Ekranlara gelmesi de Genelkurmay’ın resmi açıklamaları kadar.

Televizyon kanalları neden böyle yapıyorlar?

Birilerine sorarsanız, muhtemelen, bu tür olaylarda sorumlu davranma refleksi diye yanıt alırsınız.

Oysa, basının sorumluluğu sadece ve sadece habere, gerçeğe karşıdır.

Haber ve gerçek dışındaki olgulara, kurumlara karşı sorumluluk olsa olsa rezilliktir, sorumluluk adına birilerinin poposunu yalama gayretidir.

Perşembe öğleden sonra ekranlardan beklenen, bölgeye muhabirlerin yollanması, hatta belki genel yayın yönetmenlerinin oraya bizzat gitmesi, bölgeden canlı yayın yapılması ve senelerce unutulmayacak bu facianın nedenlerinin aydınlatılması, konunun tartışılması idi.

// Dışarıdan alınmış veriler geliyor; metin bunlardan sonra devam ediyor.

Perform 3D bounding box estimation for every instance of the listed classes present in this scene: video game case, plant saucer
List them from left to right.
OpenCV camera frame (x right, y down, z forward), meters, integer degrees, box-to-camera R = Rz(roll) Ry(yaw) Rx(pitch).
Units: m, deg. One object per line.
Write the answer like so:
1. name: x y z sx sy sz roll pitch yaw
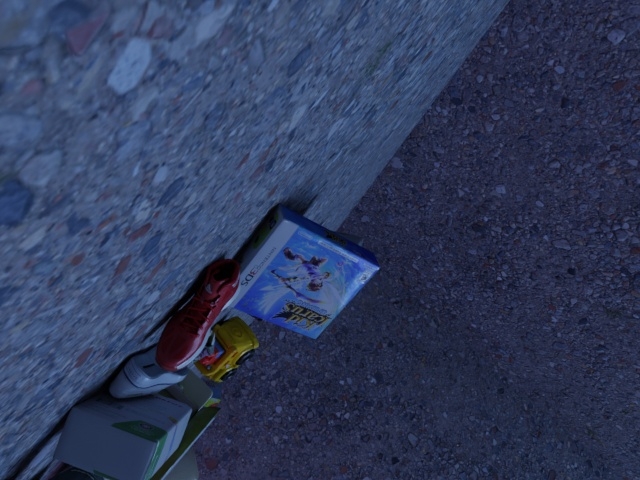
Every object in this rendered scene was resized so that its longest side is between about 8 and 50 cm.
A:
1. plant saucer: -0.310 0.450 1.107 0.241 0.037 0.241 -49 176 -5
2. video game case: -0.047 0.080 1.106 0.244 0.269 0.061 -50 -147 22

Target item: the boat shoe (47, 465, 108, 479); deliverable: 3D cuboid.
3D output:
1. boat shoe: -0.487 0.478 0.819 0.319 0.116 0.099 -37 -179 3

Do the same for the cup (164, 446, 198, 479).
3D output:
1. cup: -0.563 0.713 1.534 0.237 0.331 0.331 0 137 -50

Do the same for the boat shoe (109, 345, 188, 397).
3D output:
1. boat shoe: -0.332 0.254 0.983 0.075 0.083 0.226 -37 165 -1

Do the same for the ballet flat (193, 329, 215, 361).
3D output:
1. ballet flat: -0.322 0.274 1.372 0.221 0.076 0.079 100 12 -83

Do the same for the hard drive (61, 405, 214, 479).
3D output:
1. hard drive: -0.459 0.522 1.244 0.353 0.233 0.047 -45 134 -47

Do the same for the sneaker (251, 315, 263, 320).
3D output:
1. sneaker: -0.187 0.169 1.618 0.118 0.107 0.279 -57 -176 -31

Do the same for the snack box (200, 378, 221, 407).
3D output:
1. snack box: -0.459 0.547 1.730 0.207 0.174 0.070 -51 -149 29

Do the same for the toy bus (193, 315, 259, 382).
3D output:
1. toy bus: -0.344 0.374 1.672 0.220 0.149 0.211 -47 164 16

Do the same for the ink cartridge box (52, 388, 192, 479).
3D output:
1. ink cartridge box: -0.338 0.337 0.910 0.212 0.154 0.093 75 35 -87

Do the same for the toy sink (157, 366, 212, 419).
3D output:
1. toy sink: -0.370 0.379 1.158 0.234 0.153 0.131 -46 175 -28

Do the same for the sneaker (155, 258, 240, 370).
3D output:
1. sneaker: -0.218 0.117 0.904 0.221 0.087 0.128 -61 175 -32

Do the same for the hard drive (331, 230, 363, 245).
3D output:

İzlemeye çalıştığım kanallarda ise ekonomik krizden, İffet’e kadar her şey vardı, Uludere hakkında Genelkurmay resmi bildirisi dışında bir şey pek yoktu.

Mustafa Muğlalı olayından Uludere’ye bölge insanının yaşamını kaçakçılık ile kazanma gayreti de mutlaka başka bir yazıda ele alınmalı.

16.45 dolayında Sayın Hüseyin Çelik düzgün bir açıklama yapıyor ve “Ortada bir hata varsa, sorumluları cezalandırmak boynumuzun borcudur” diyor.

Bu ifadeyi de fikr-i takibe alıyoruz.